From the entries that follow, pick out all lines holding "angles".

━━ Dataset entries ━━

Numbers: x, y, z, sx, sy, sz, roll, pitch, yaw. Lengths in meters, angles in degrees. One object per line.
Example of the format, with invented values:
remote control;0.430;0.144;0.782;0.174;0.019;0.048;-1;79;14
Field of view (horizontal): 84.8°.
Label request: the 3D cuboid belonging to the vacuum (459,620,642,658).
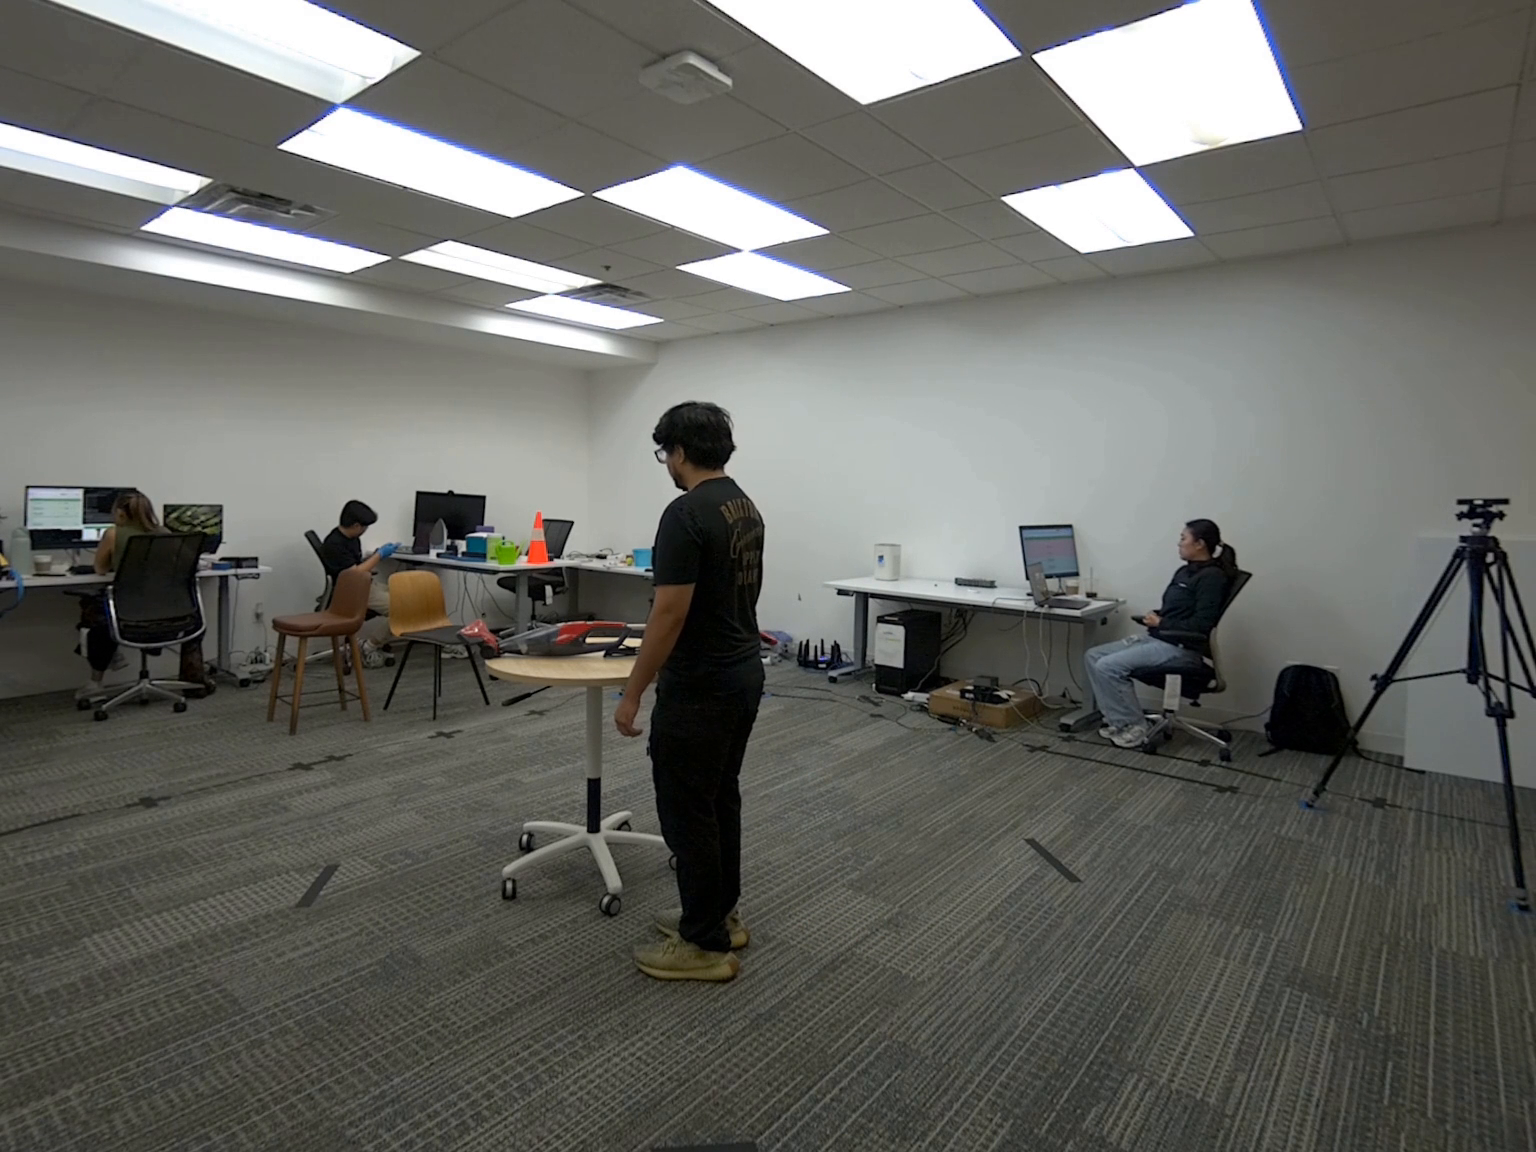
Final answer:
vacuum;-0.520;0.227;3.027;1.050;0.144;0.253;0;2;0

━━━
━━ Dataset entries ━━

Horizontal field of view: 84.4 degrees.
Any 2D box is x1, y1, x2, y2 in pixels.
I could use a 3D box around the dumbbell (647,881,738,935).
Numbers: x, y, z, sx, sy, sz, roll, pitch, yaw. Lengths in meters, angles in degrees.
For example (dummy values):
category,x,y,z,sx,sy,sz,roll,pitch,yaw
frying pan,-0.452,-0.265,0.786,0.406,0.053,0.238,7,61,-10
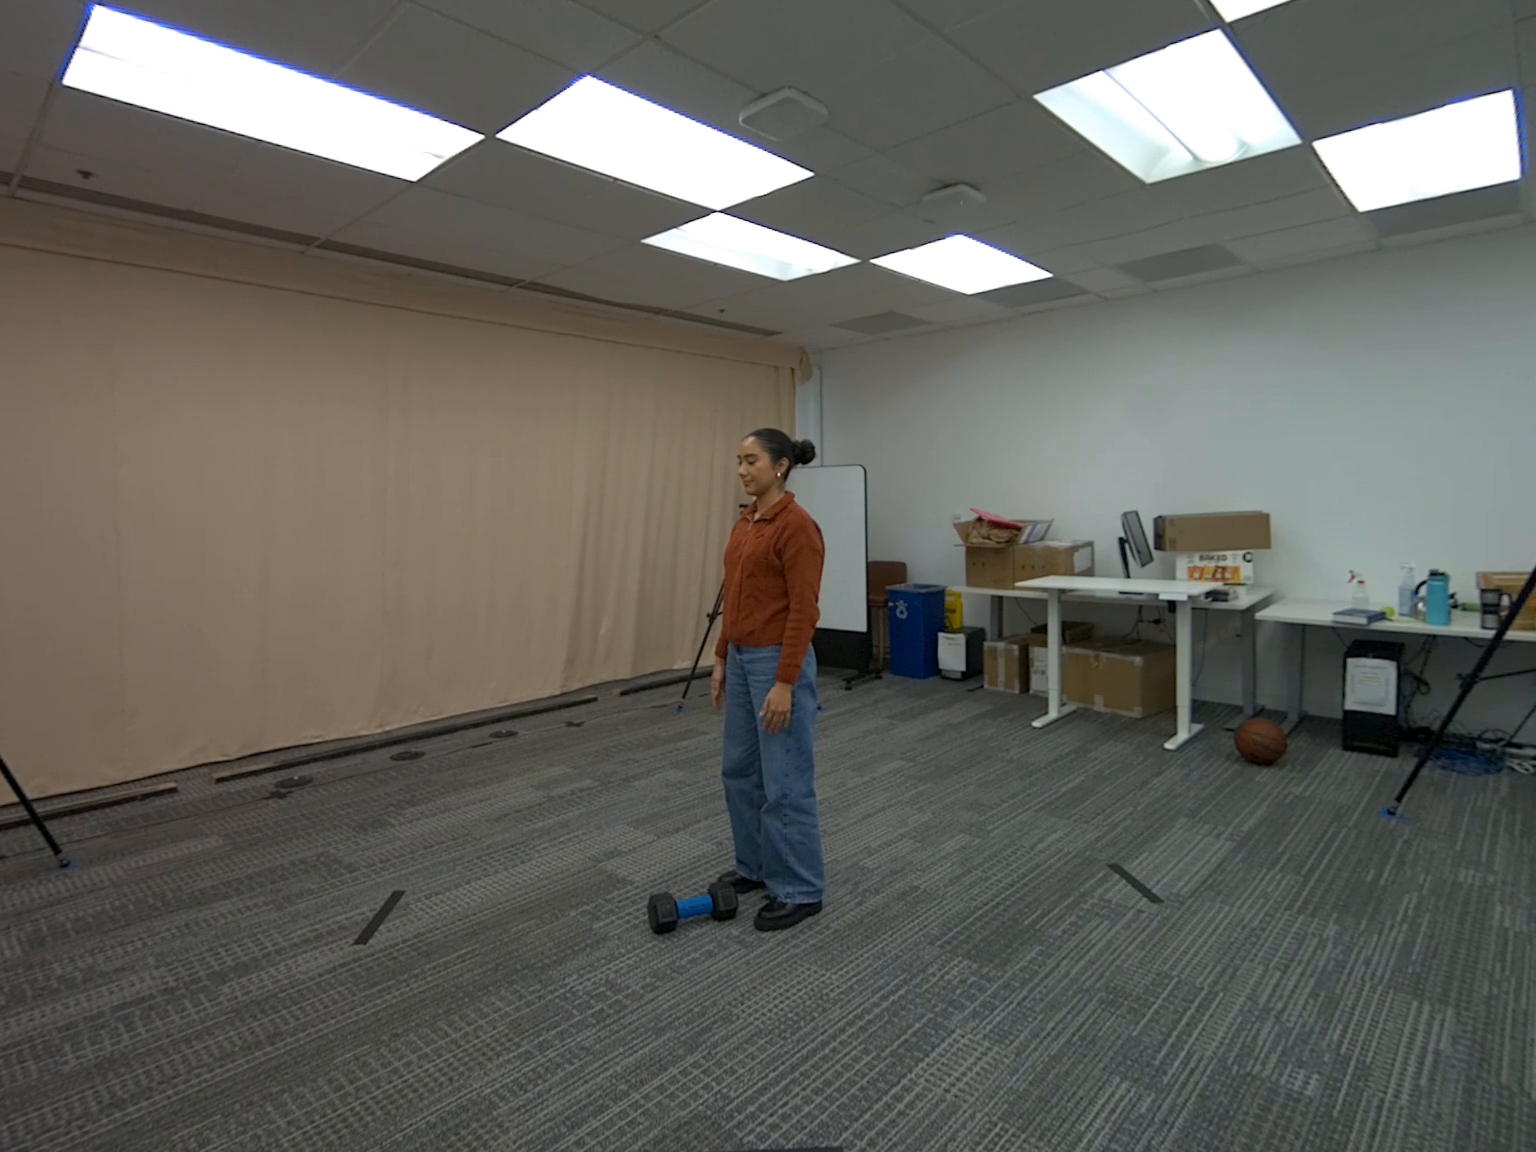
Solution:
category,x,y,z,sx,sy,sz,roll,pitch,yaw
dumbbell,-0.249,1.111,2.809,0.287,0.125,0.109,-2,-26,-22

━━━

• _Answer to this task_:
Numbers: x, y, z, sx, sy, sz, roll, pitch, yaw. Lengths in meters, angles in degrees. One object per line.
Numbers: x, y, z, sx, sy, sz, roll, pitch, yaw. Lengths in meters, angles in degrees.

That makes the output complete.